# [SOLVED]Simple question about Limit Properties

#### Cbarker1

##### Active member

$$\displaystyle lim f(bx)= b*lim f(x)$$ as x approach c

Thank you

Cbarker1

#### Guest

##### Active member
Pick $f(y) = \frac{1}{y}$. Then $\displaystyle \lim_{x \to c} f(bx) = \lim_{x \to c}\frac{1}{bx} = \frac{1}{bc}$. On the other hand $\displaystyle \lim_{x \to c} bf(x) = b\lim_{x \to c}\frac{1}{x} = \frac{b}{c}.$

Of course $\frac{1}{bc} \ne \frac{b}{c}$. I'm missing something or the property is false (or they meant something else).

#### soroban

##### Well-known member
Hello, Cbarker1!

I saw several properties about the limits.

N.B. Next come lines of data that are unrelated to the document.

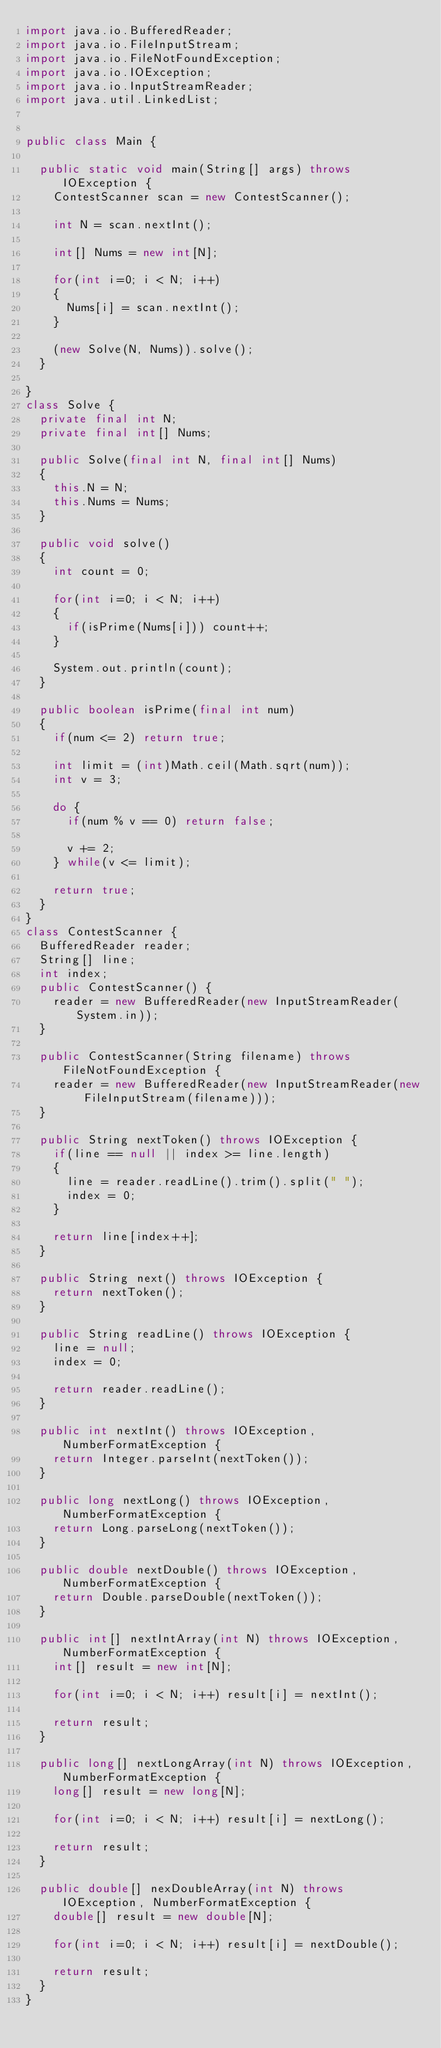Convert code to text. <code><loc_0><loc_0><loc_500><loc_500><_Java_>import java.io.BufferedReader;
import java.io.FileInputStream;
import java.io.FileNotFoundException;
import java.io.IOException;
import java.io.InputStreamReader;
import java.util.LinkedList;


public class Main {

	public static void main(String[] args) throws IOException {
		ContestScanner scan = new ContestScanner();

		int N = scan.nextInt();

		int[] Nums = new int[N];

		for(int i=0; i < N; i++)
		{
			Nums[i] = scan.nextInt();
		}

		(new Solve(N, Nums)).solve();
	}

}
class Solve {
	private final int N;
	private final int[] Nums;

	public Solve(final int N, final int[] Nums)
	{
		this.N = N;
		this.Nums = Nums;
	}

	public void solve()
	{
		int count = 0;

		for(int i=0; i < N; i++)
		{
			if(isPrime(Nums[i])) count++;
		}

		System.out.println(count);
	}

	public boolean isPrime(final int num)
	{
		if(num <= 2) return true;

		int limit = (int)Math.ceil(Math.sqrt(num));
		int v = 3;

		do {
			if(num % v == 0) return false;

			v += 2;
		} while(v <= limit);

		return true;
	}
}
class ContestScanner {
	BufferedReader reader;
	String[] line;
	int index;
	public ContestScanner() {
		reader = new BufferedReader(new InputStreamReader(System.in));
	}

	public ContestScanner(String filename) throws FileNotFoundException {
		reader = new BufferedReader(new InputStreamReader(new FileInputStream(filename)));
	}

	public String nextToken() throws IOException {
		if(line == null || index >= line.length)
		{
			line = reader.readLine().trim().split(" ");
			index = 0;
		}

		return line[index++];
	}

	public String next() throws IOException {
		return nextToken();
	}

	public String readLine() throws IOException {
		line = null;
		index = 0;

		return reader.readLine();
	}

	public int nextInt() throws IOException, NumberFormatException {
		return Integer.parseInt(nextToken());
	}

	public long nextLong() throws IOException, NumberFormatException {
		return Long.parseLong(nextToken());
	}

	public double nextDouble() throws IOException, NumberFormatException {
		return Double.parseDouble(nextToken());
	}

	public int[] nextIntArray(int N) throws IOException, NumberFormatException {
		int[] result = new int[N];

		for(int i=0; i < N; i++) result[i] = nextInt();

		return result;
	}

	public long[] nextLongArray(int N) throws IOException, NumberFormatException {
		long[] result = new long[N];

		for(int i=0; i < N; i++) result[i] = nextLong();

		return result;
	}

	public double[] nexDoubleArray(int N) throws IOException, NumberFormatException {
		double[] result = new double[N];

		for(int i=0; i < N; i++) result[i] = nextDouble();

		return result;
	}
}</code> 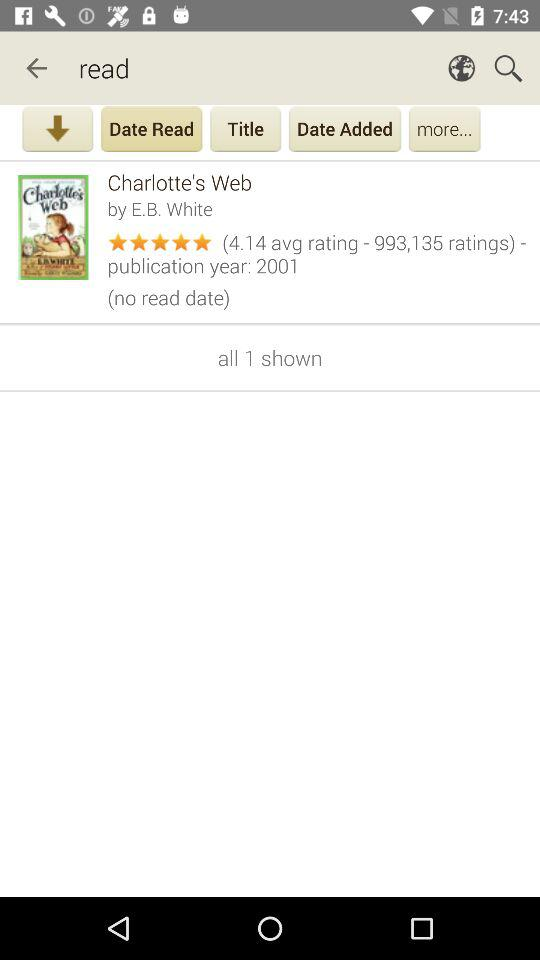What is the publication year of "Charlotte's Web"? The publication year is 2001. 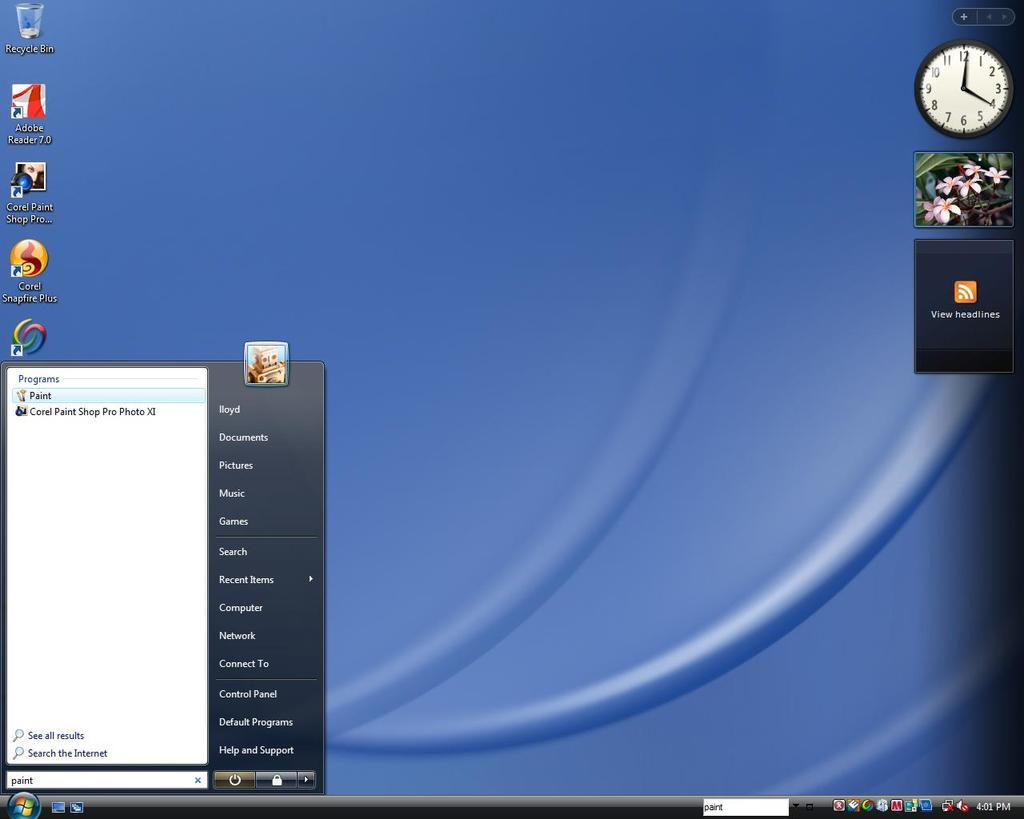Provide a one-sentence caption for the provided image. A Windows desktop screen with a blue background. 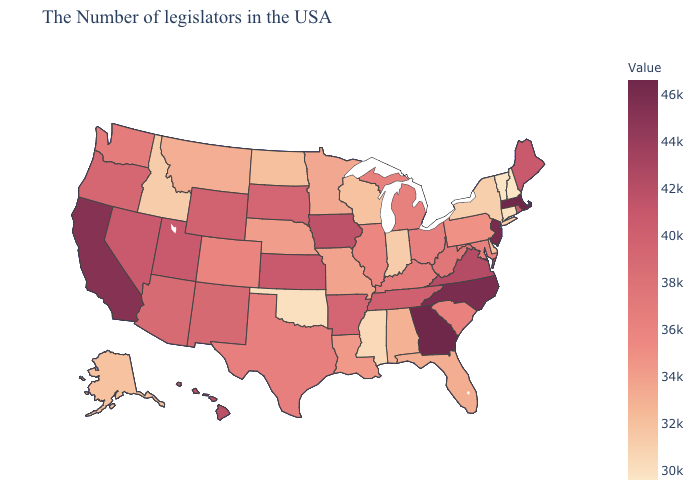Among the states that border Connecticut , does Massachusetts have the highest value?
Write a very short answer. Yes. Which states hav the highest value in the South?
Quick response, please. Georgia. Which states hav the highest value in the MidWest?
Write a very short answer. Iowa. Does Massachusetts have the highest value in the USA?
Quick response, please. Yes. Which states hav the highest value in the West?
Keep it brief. California. 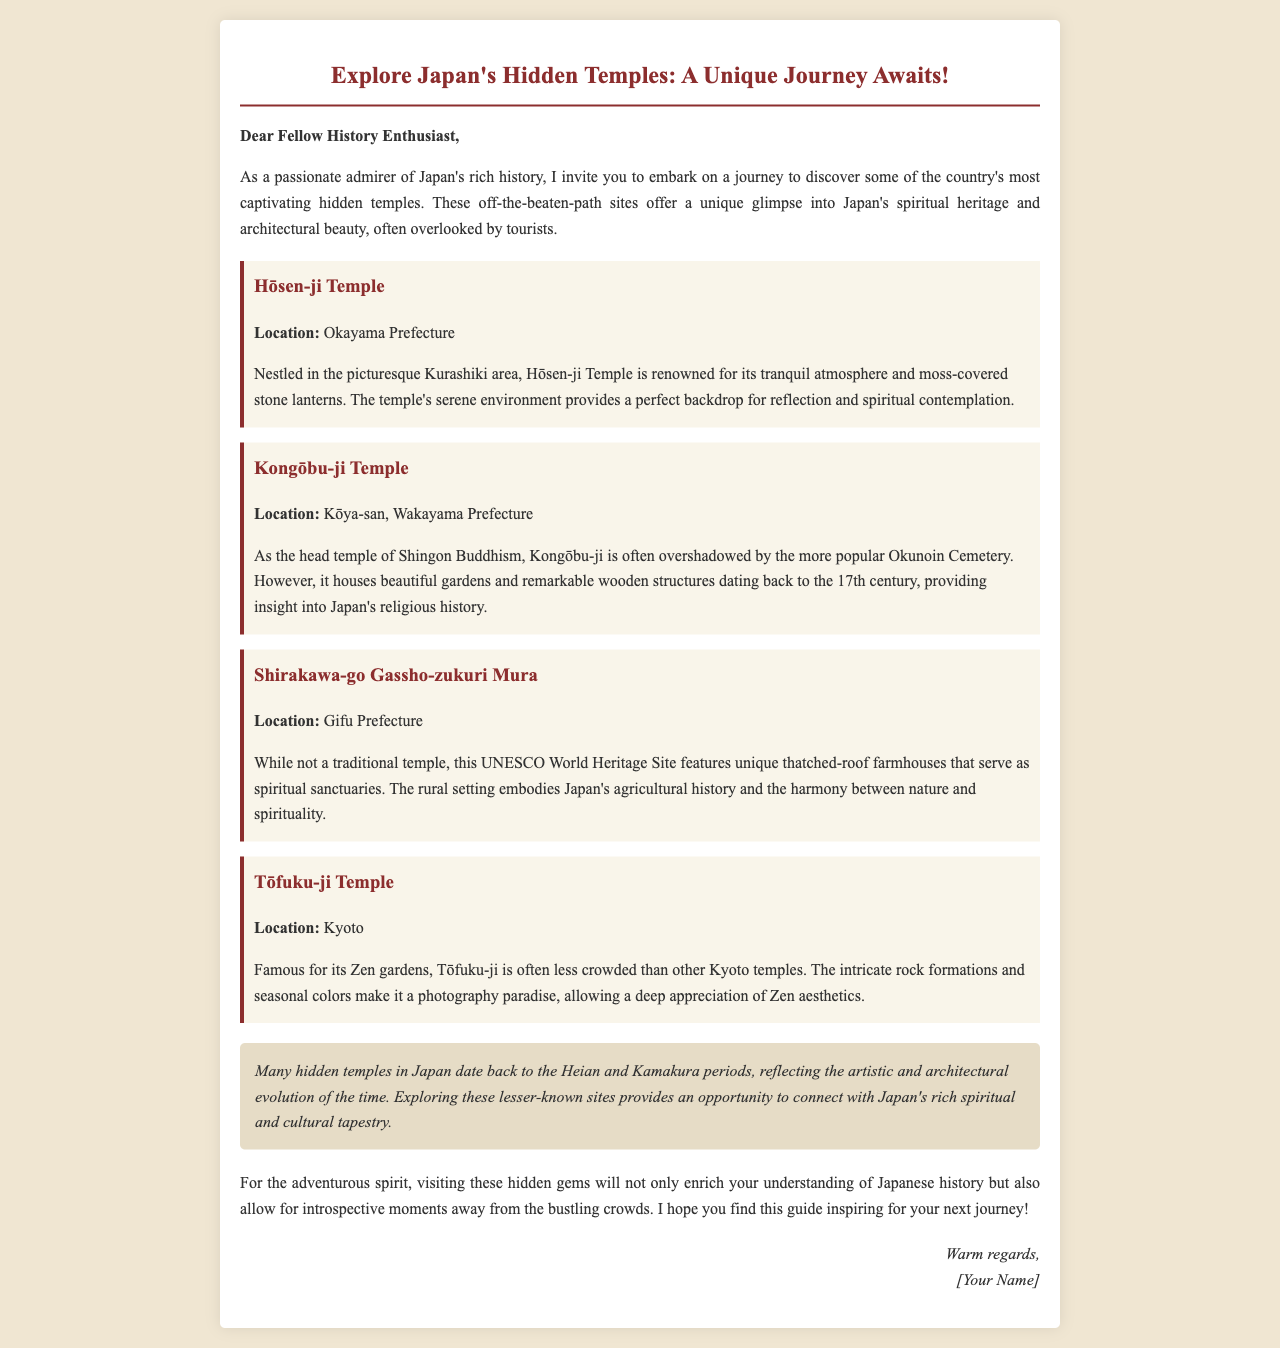What is the title of the document? The title is prominently displayed at the top of the document.
Answer: Explore Japan's Hidden Temples: A Unique Journey Awaits! Where is Hōsen-ji Temple located? The document provides the specific location of Hōsen-ji Temple.
Answer: Okayama Prefecture Which UNESCO World Heritage Site is mentioned in the document? The document specifies the UNESCO site among the discussed temples.
Answer: Shirakawa-go Gassho-zukuri Mura What period do many hidden temples in Japan date back to? The historical context provides information about the time period of the temples.
Answer: Heian and Kamakura periods What type of Buddhism is Kongōbu-ji Temple associated with? The document describes the religious affiliation of Kongōbu-ji Temple.
Answer: Shingon Buddhism How does the document describe the environment of Hōsen-ji Temple? The document includes a description of the atmosphere at Hōsen-ji Temple.
Answer: Tranquil atmosphere What aesthetic does Tōfuku-ji Temple emphasize? The text mentions a specific aspect of Tōfuku-ji Temple's appeal.
Answer: Zen aesthetics

$$\displaystyle \lim_{x\to c} f(bx)\:=\: b\cdot\lim_{x\to c}f(x)$$
This is not true.

Let $$f(x) \:=\:2x+7$$

Then: .$$\lim_{x\to1}f(3x) \:=\:\lim_{x\to1}(6x+7) \:=\:13$$

But: .$$3\cdot\lim_{x\to1}f(x) \:=\:3\cdot\lim_{x\to1}(2x+7) \:=\:3\cdot 9 \:=\:27$$

. . $$\lim_{x\to c}b\!\cdot\!\!f(x) \;=\;b\!\cdot\!\lim_{x\to c}f(x)$$